Se o título deste artigo fosse “o odioso rendismo”, o leitor de hoje não compreenderia, da mesma forma que no início do século XX o título “odioso racismo” também não era compreendido. A prática racista já existia havia séculos, mas a palavra se consolidou a partir dos anos 1930.

Até hoje no Brasil segregamos em escolas diferentes as crianças conforme a renda familiar. As escolas de qualidade são negadas às crianças de baixa renda, e apesar dessa discriminação os dicionários não registram a palavra rendismo. Porque esse tratamento não é visto como discriminação mas como consequência de um conceito tolerado.

Felizmente, hoje nenhuma criança é impedida de estudar em uma escola por preconceito pela cor de sua pele. Apesar de que, no Brasil, o rendismo é um braço do racismo, porque nossa pobreza tem pele negra.

Foi o ator Will Smith quem disse que “o racismo não aumentou, ele foi fotografado e divulgado”, mostrando policial branco asfixiando homem negro que desesperado sussurrava: “eu não consigo respirar”. O vídeo mostrou a cara da perversão do racismo. Mas o rendismo escolar não tem seu filme para mostrar a tragédia, e educação de qualidade não é vista como oxigênio intelectual necessário para a sobrevivência plena neste século do conhecimento.

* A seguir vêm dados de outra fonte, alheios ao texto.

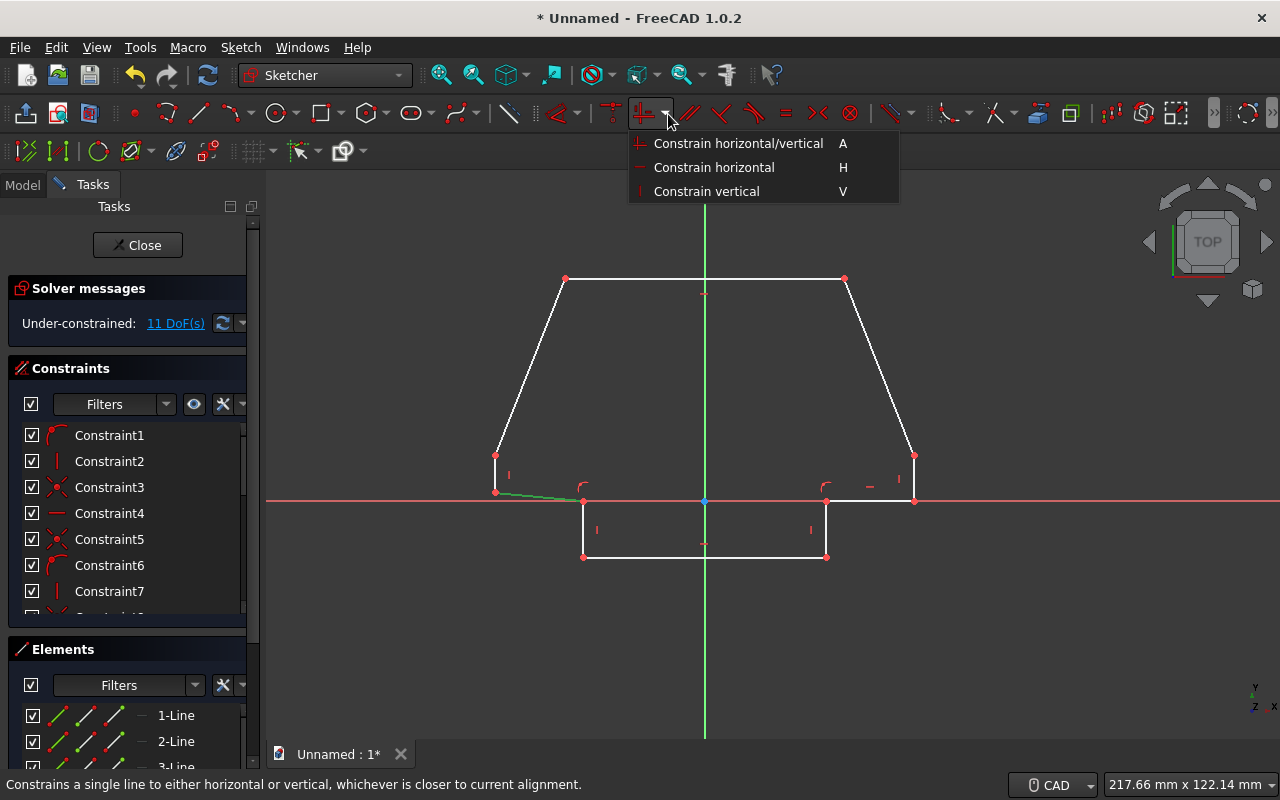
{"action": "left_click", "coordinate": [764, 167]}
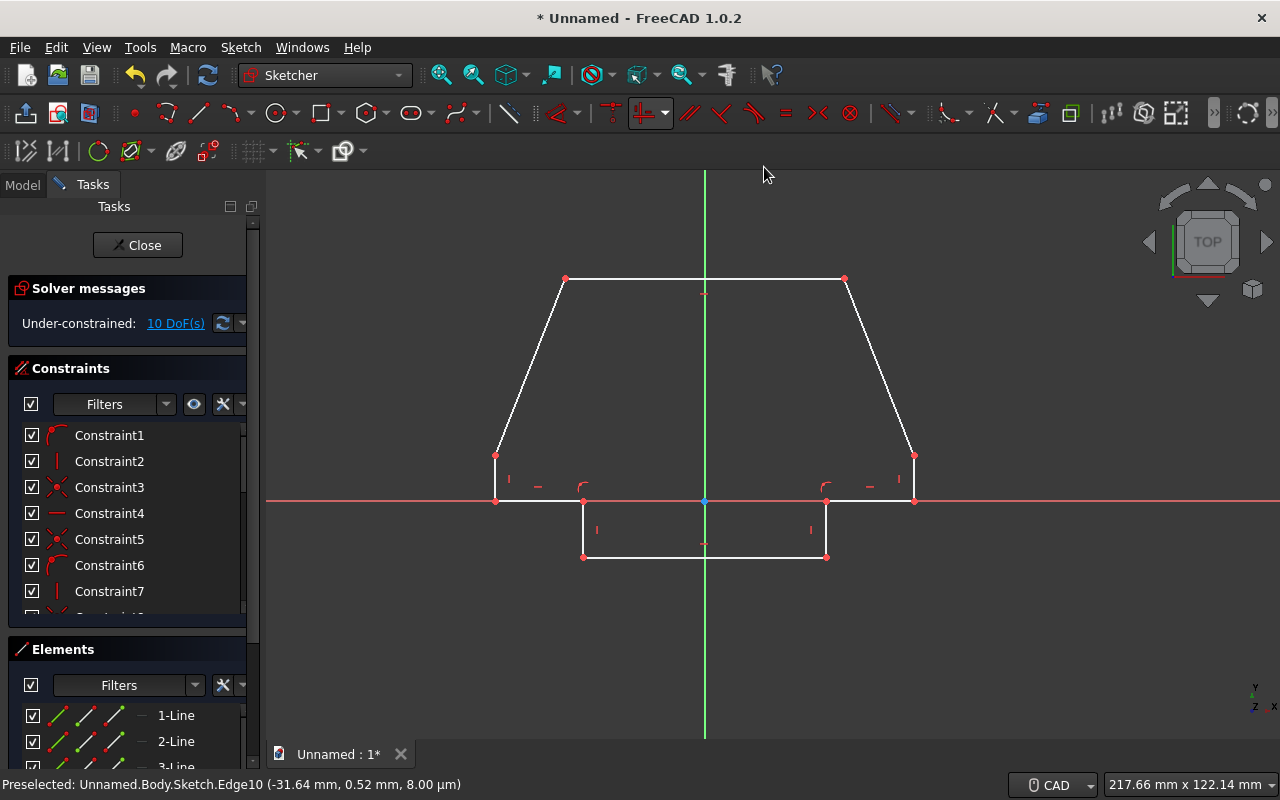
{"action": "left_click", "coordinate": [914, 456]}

A população sabe que das 50 milhões de crianças brasileiras em idade escolar, pelo menos 40 milhões estão fora de escola com qualidade. Mas não percebe que crianças fora da escola de qualidade sofrem por falta do oxigênio intelectual: não saberá ler, orientar-se, ter emprego, produzir e participar da riqueza que o mundo moderno produz. Não percebe que essa asfixia educacional atinge não somente a criança, mas o país inteiro que perde em produtividade, inovação, participação e consciência plena.

Tampouco compreende que estamos alimentando o racismo. O racismo nasce no atavismo da história e na desigualdade da escola. A escola é o berço do racismo pela exclusão dos afrodescendentes e dos pobres, e porque a escola sem qualidade induz preconceitos que se espalham pela sociedade.

A escola será o túmulo do racismo, quando a educação for oferecida a todos com a mesma qualidade e a todos com conteúdo humanista que desfaça preconceitos e valorize a diversidade. Mas a tolerância com o rendismo escolar impede a luta para que os filhos dos pobres e dos ricos estudem em escolas com a mesma qualidade.

Contra o racismo, luta-se por cotas nas universidades, mas não se luta contra o rendismo que impede todas as escolas públicas municipais com a qualidade das boas escolas privadas ou federais. Falta agora que, 100 anos depois do surgimento da palavra racismo, a palavra rendismo seja também entendida como um preconceito odioso, quando se referir a segregação que sofrem as crianças pobres ao serem impedidas de desenvolverem seus talentos na escola e na idade ideal.

Cristovam Buarque é professor emérito da Universidade de Brasília.